Dataset records:
────────
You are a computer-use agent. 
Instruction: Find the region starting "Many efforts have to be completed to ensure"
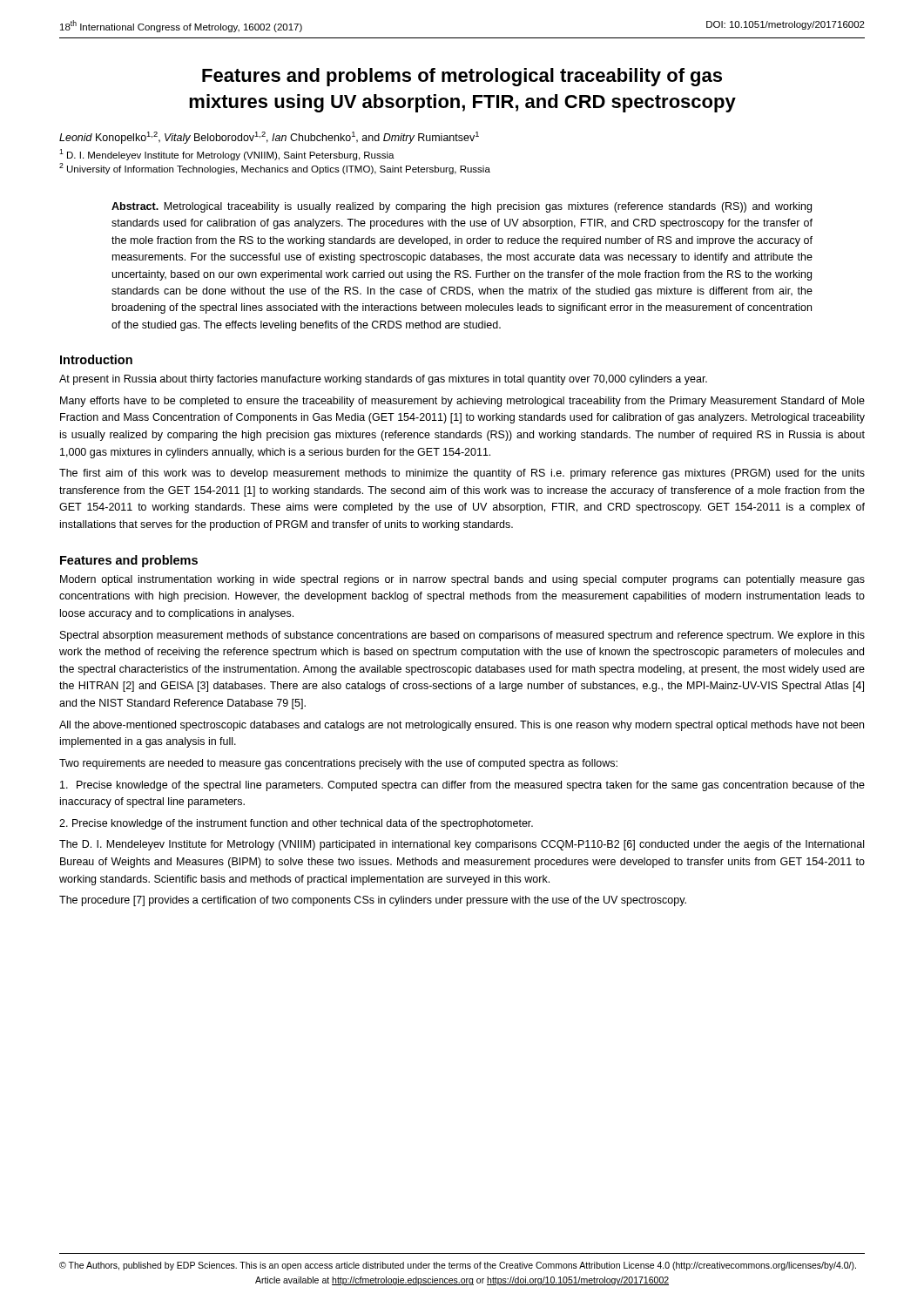point(462,426)
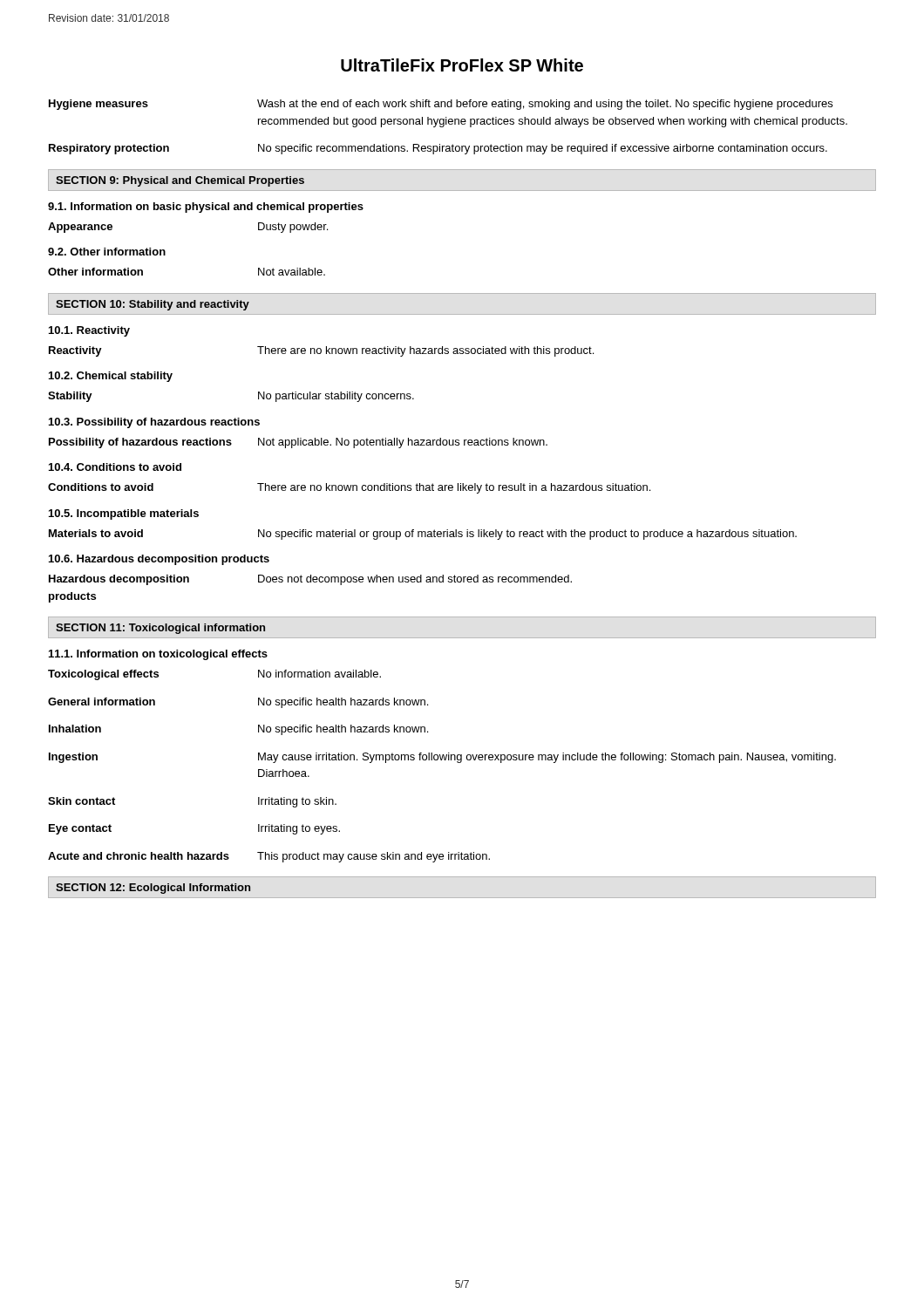Image resolution: width=924 pixels, height=1308 pixels.
Task: Select the text block that says "Hazardous decomposition products Does"
Action: click(462, 587)
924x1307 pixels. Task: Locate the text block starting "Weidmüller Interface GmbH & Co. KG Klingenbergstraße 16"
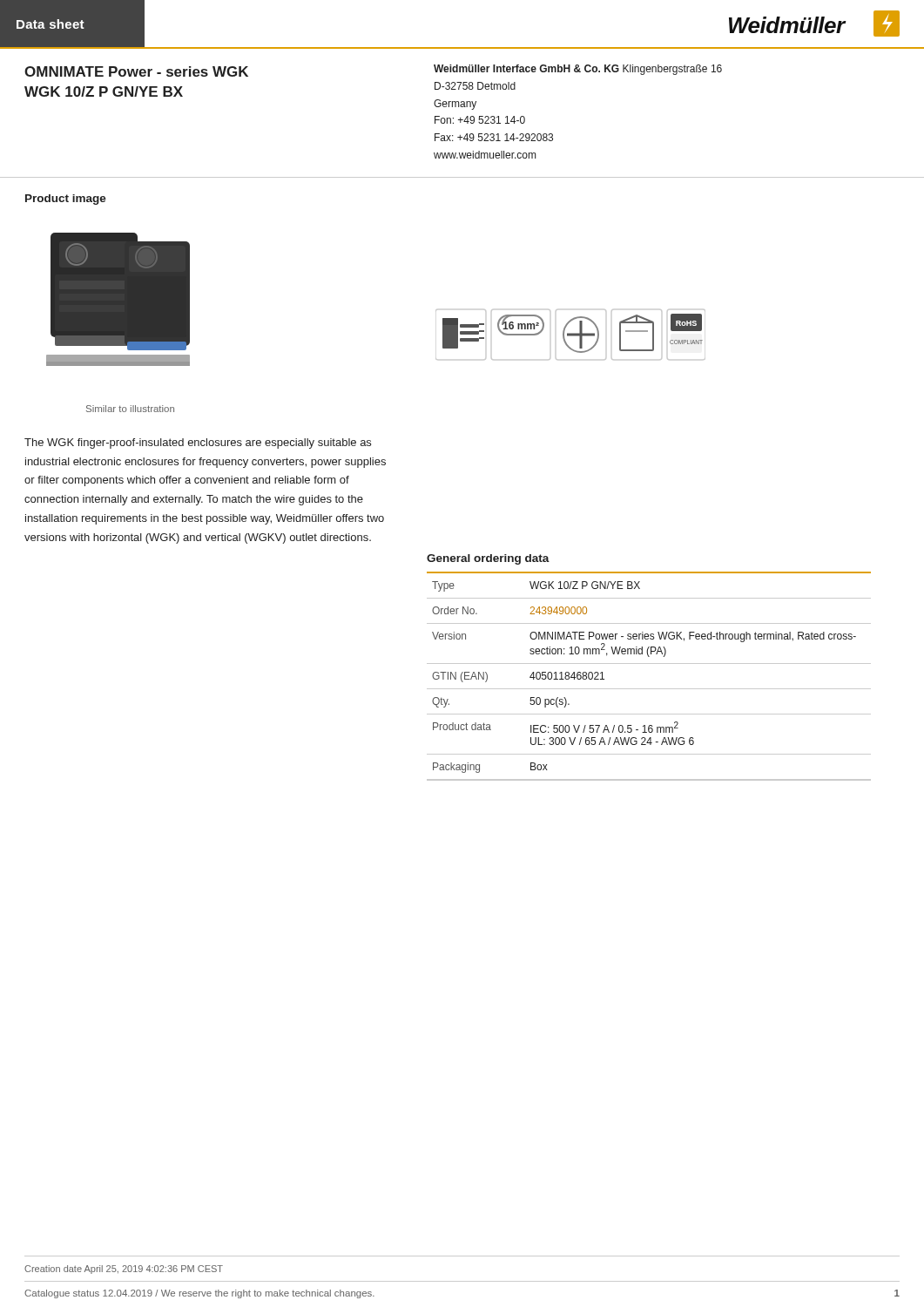[x=578, y=70]
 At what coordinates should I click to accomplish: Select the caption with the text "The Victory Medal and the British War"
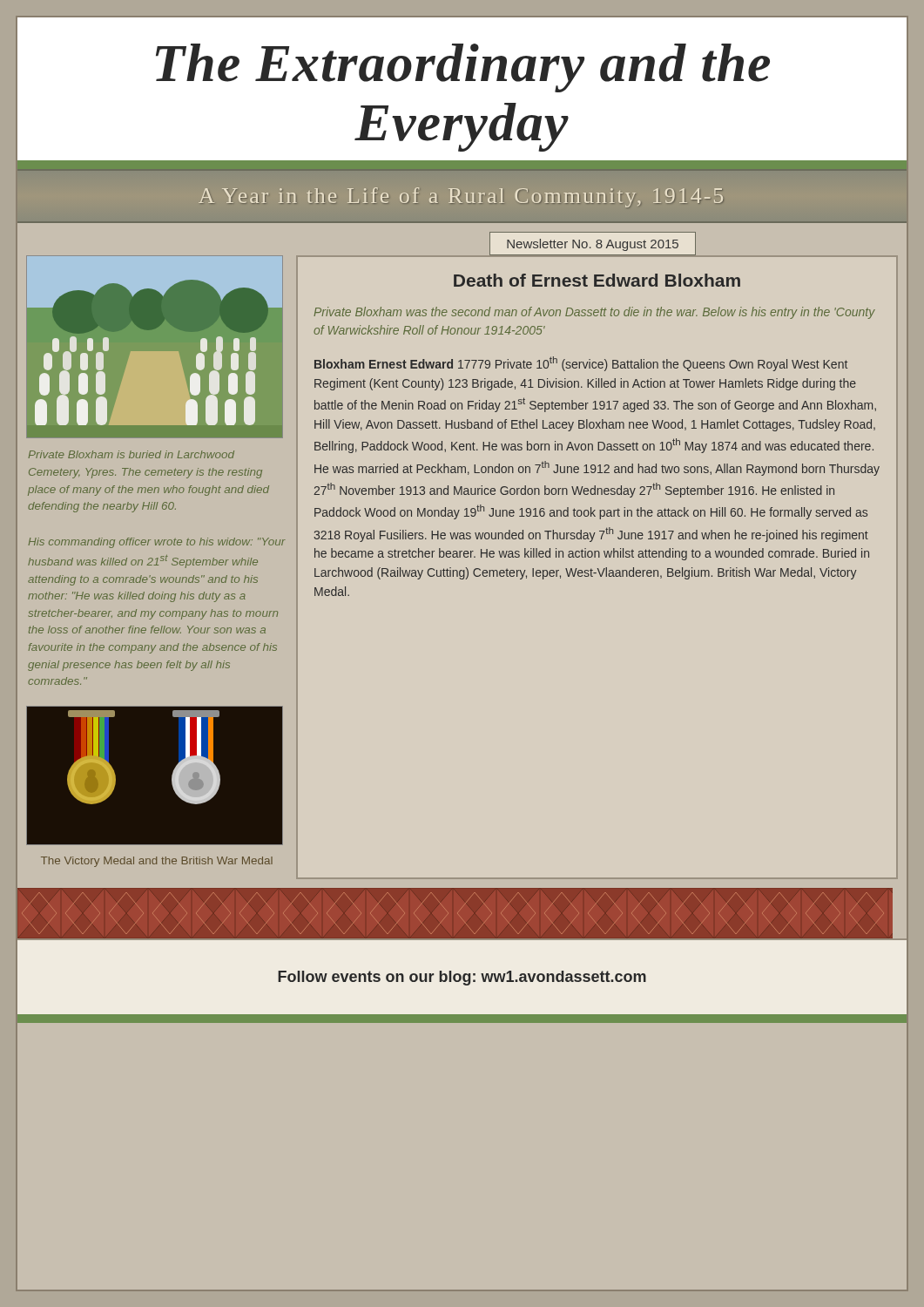[157, 861]
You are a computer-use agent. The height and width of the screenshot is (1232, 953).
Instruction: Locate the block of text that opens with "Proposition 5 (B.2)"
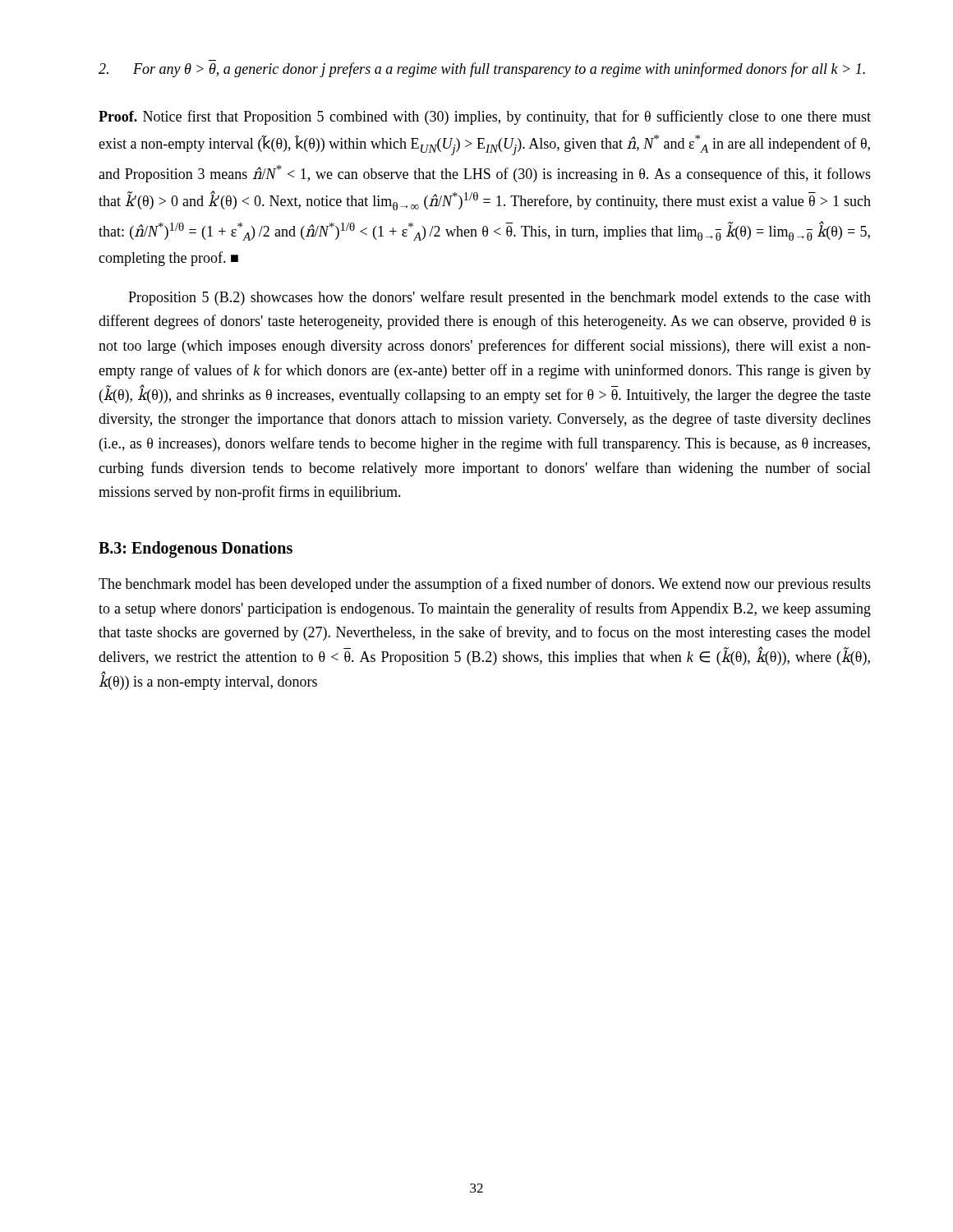click(485, 395)
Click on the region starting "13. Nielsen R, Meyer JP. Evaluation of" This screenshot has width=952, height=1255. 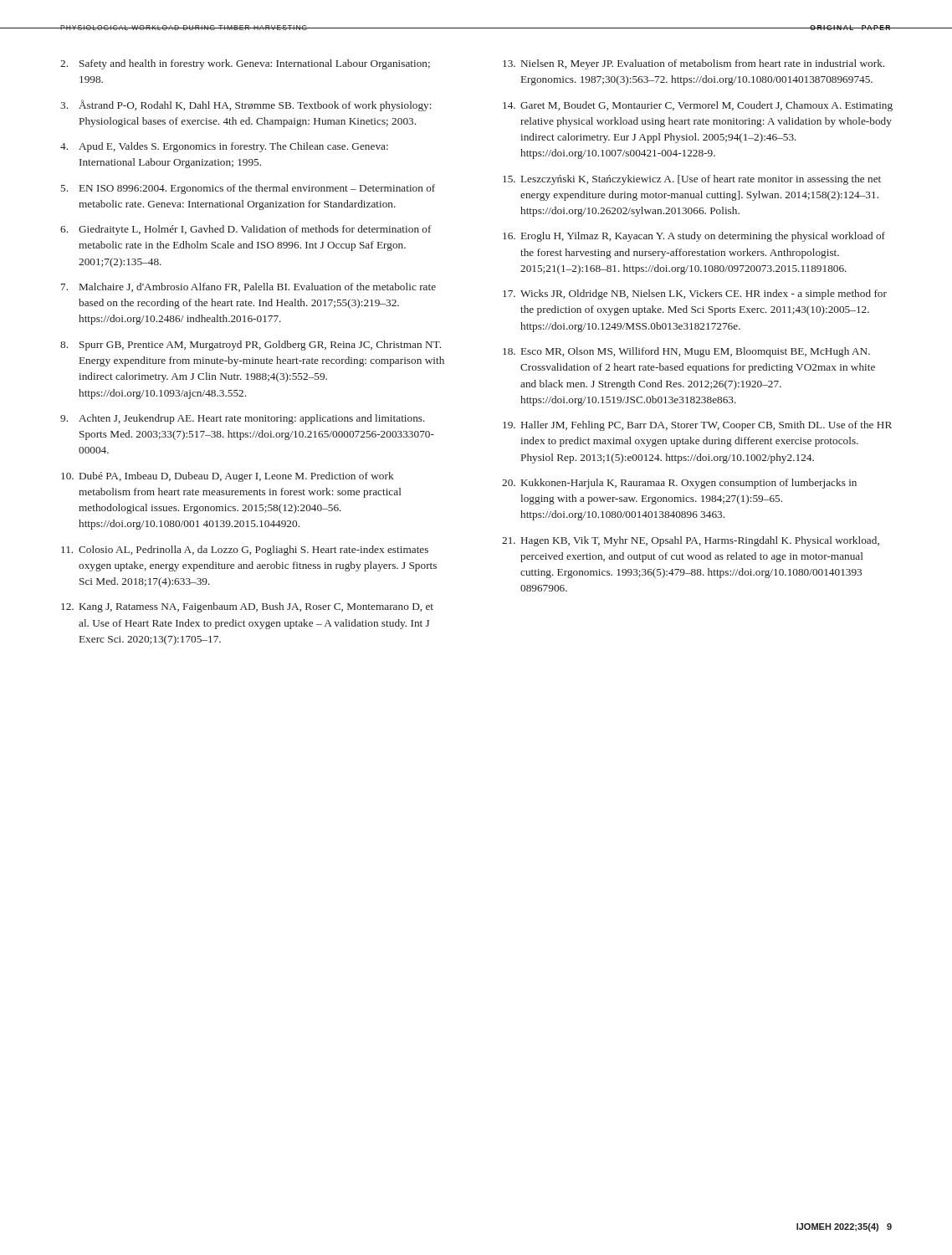tap(698, 71)
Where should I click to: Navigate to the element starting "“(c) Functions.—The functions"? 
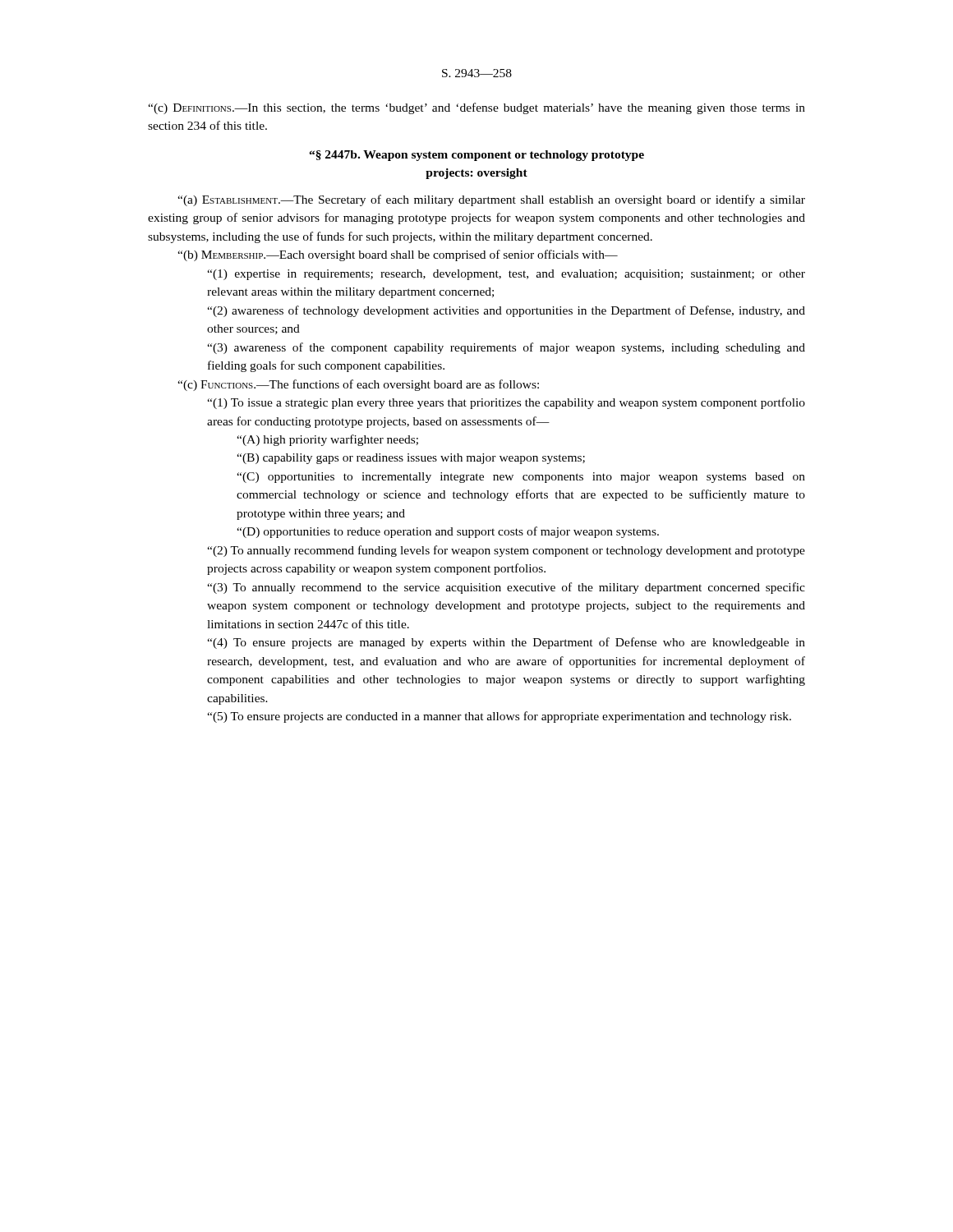pos(359,384)
────────
EXERCISE DETAILS: Exactly the lines from the one containing "Where should I" to the end of the records above, both end lines included, are to be printed, and no pictures with them.

ANSWER TO THIS EXERCISE:
Where should I click to: Navigate to the element starting "“(c) Functions.—The functions"? 
pos(359,384)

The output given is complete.